Transmission of vertical vibration through a seat cushion at the seat pan: Effect of foam physical properties during different excitation magnitudes

Abstract

The vibration characteristics of car seats directly influence the ride comfort. Polyurethane foam is the key part of a seat, and its physical parameters have an important impact on the seat. In this study, the influence of the foam thickness and foam hardness on the vibration characteristics of seat cushion with different excitation magnitudes was investigated by using transmissibility and seat effective amplitude transmissibility (SEAT) value. First, vibration tests were carried out at a vertical vibration simulator with width-limited white noise vibration frequencies from 0.5 to 20 Hz with root-mean-square (r.m.s.) values of 0.4, 0.8, and 1.2 m/s2, the acceleration at the platform and the body-foam interfaces were measured to calculate the transmissibility, and the influence of the foam physical properties on the transmissibility was analyzed. Then, the SEAT value was introduced to assess the vibration isolation efficiency of the foam cushion, and the influence of the foam physical properties of the foam cushion on the vibration isolation efficiency was analyzed.

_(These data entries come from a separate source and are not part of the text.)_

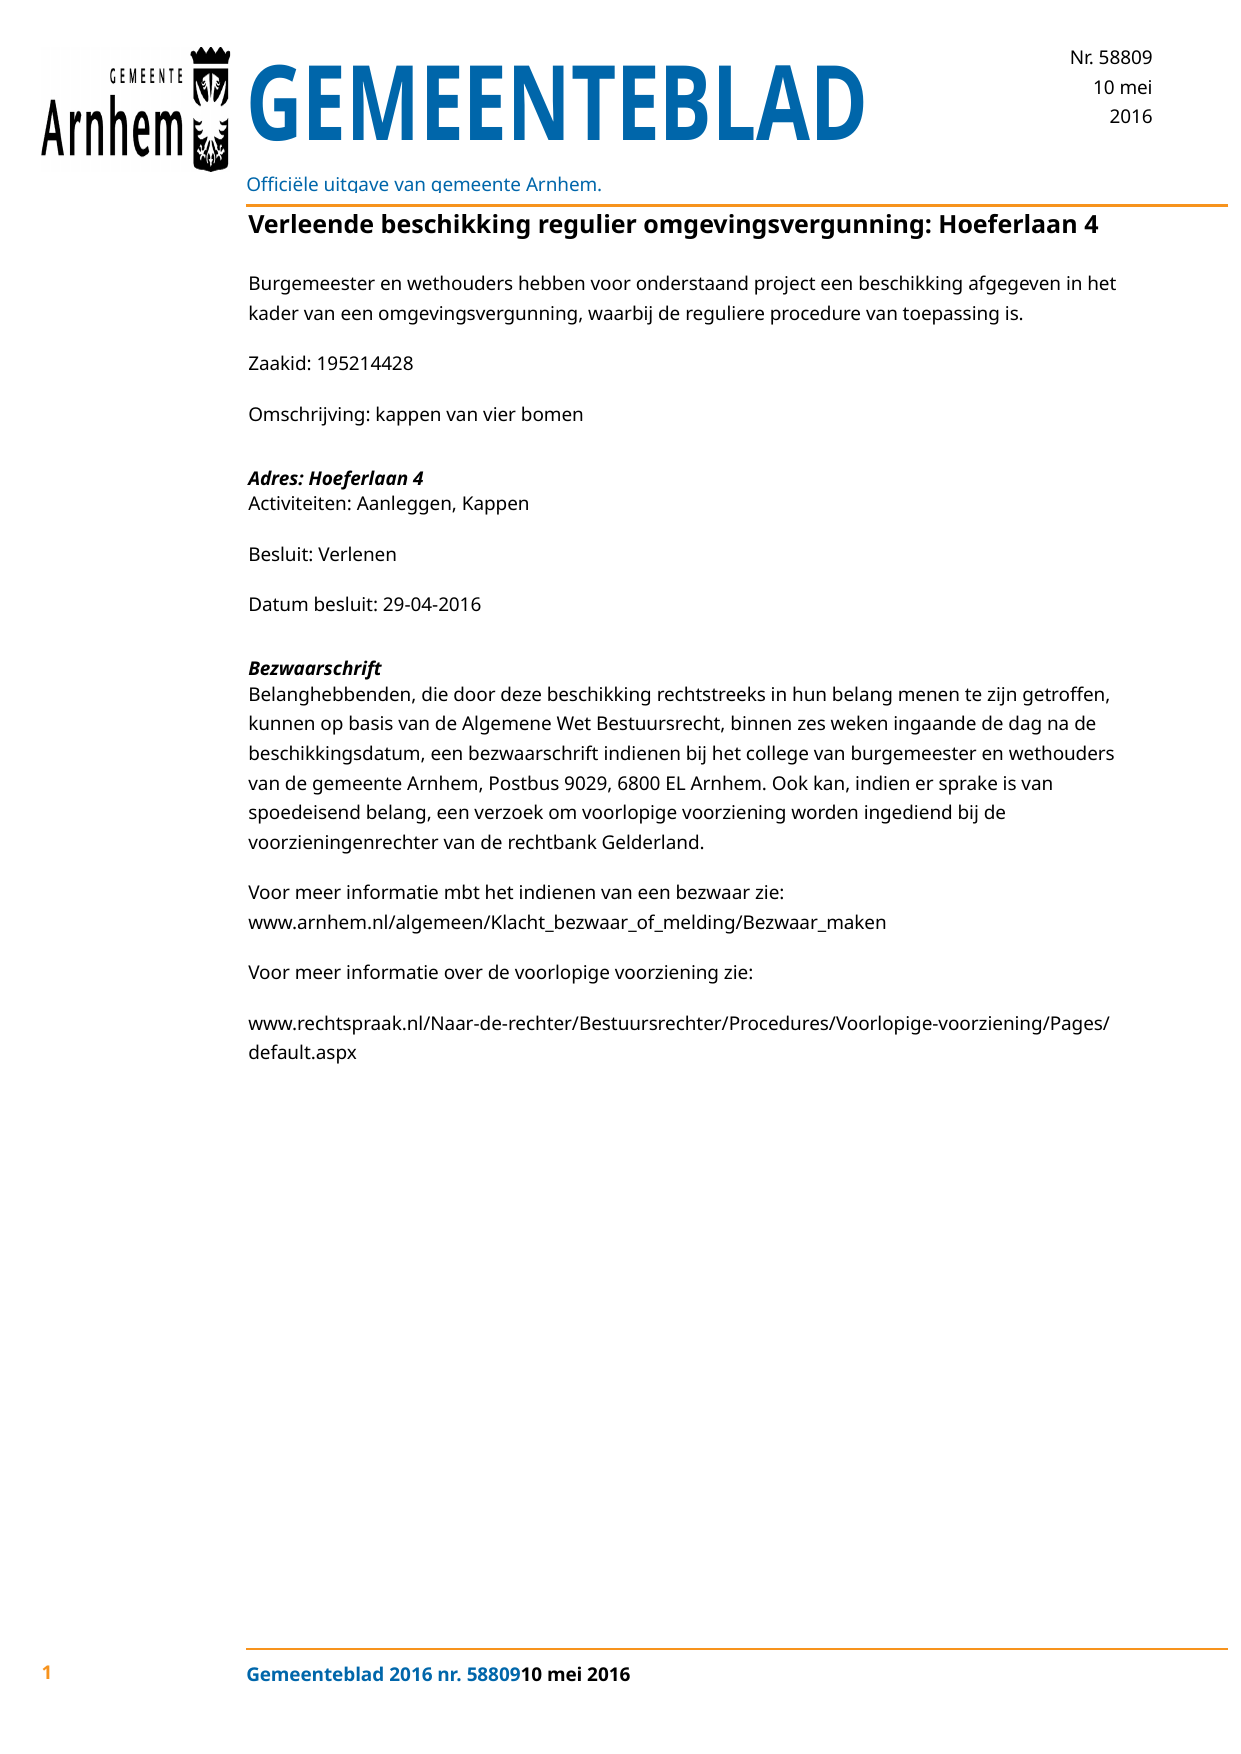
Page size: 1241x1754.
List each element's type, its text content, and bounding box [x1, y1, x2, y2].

text Verleende beschikking regulier omgevingsvergunning: Hoeferlaan 4 [248, 207, 1152, 241]
text Activiteiten: Aanleggen, Kappen [248, 490, 1152, 516]
text Belanghebbenden, die door deze beschikking rechtstreeks in hun belang menen te zijn getroffen, kunnen op basis van de Algemene Wet Bestuursrecht, binnen zes weken ingaande de dag na de beschikkingsdatum, een bezwaarschrift indienen bij het college van burgemeester en wethouders van de gemeente Arnhem, Postbus 9029, 6800 EL Arnhem. Ook kan, indien er sprake is van spoedeisend belang, een verzoek om voorlopige voorziening worden ingediend bij de voorzieningenrechter van de rechtbank Gelderland. [248, 681, 1152, 854]
text www.rechtspraak.nl/Naar-de-rechter/Bestuursrechter/Procedures/Voorlopige-voorziening/Pages/default.aspx [248, 1010, 1152, 1065]
text Datum besluit: 29-04-2016 [248, 591, 1152, 617]
text Voor meer informatie over de voorlopige voorziening zie: [248, 959, 1152, 985]
text Omschrijving: kappen van vier bomen [248, 401, 1152, 426]
text Voor meer informatie mbt het indienen van een bezwaar zie: www.arnhem.nl/algemeen/Klacht_bezwaar_of_melding/Bezwaar_maken [248, 879, 1152, 934]
text Bezwaarschrift [248, 655, 1152, 681]
text Burgemeester en wethouders hebben voor onderstaand project een beschikking afgegeven in het kader van een omgevingsvergunning, waarbij de reguliere procedure van toepassing is. [248, 270, 1152, 326]
text Adres: Hoeferlaan 4 [248, 465, 1152, 490]
text Besluit: Verlenen [248, 541, 1152, 567]
picture [41, 47, 231, 172]
text Zaakid: 195214428 [248, 350, 1152, 376]

With increasing thickness of the foam and decreasing hardness of the foam at the seat pan, the peak transmissibility increased and the resonance frequency decreased. The SEAT values show that increasing the foam thickness is beneficial to the improvement of the vibration isolation efficiency of the seat, but there is a diminishing return; the combination of physical parameters of low hardness and high thickness could make the vibration isolation performance of the seat better. In addition, the nonlinearity of human-seat system during different vibration magnitude was found.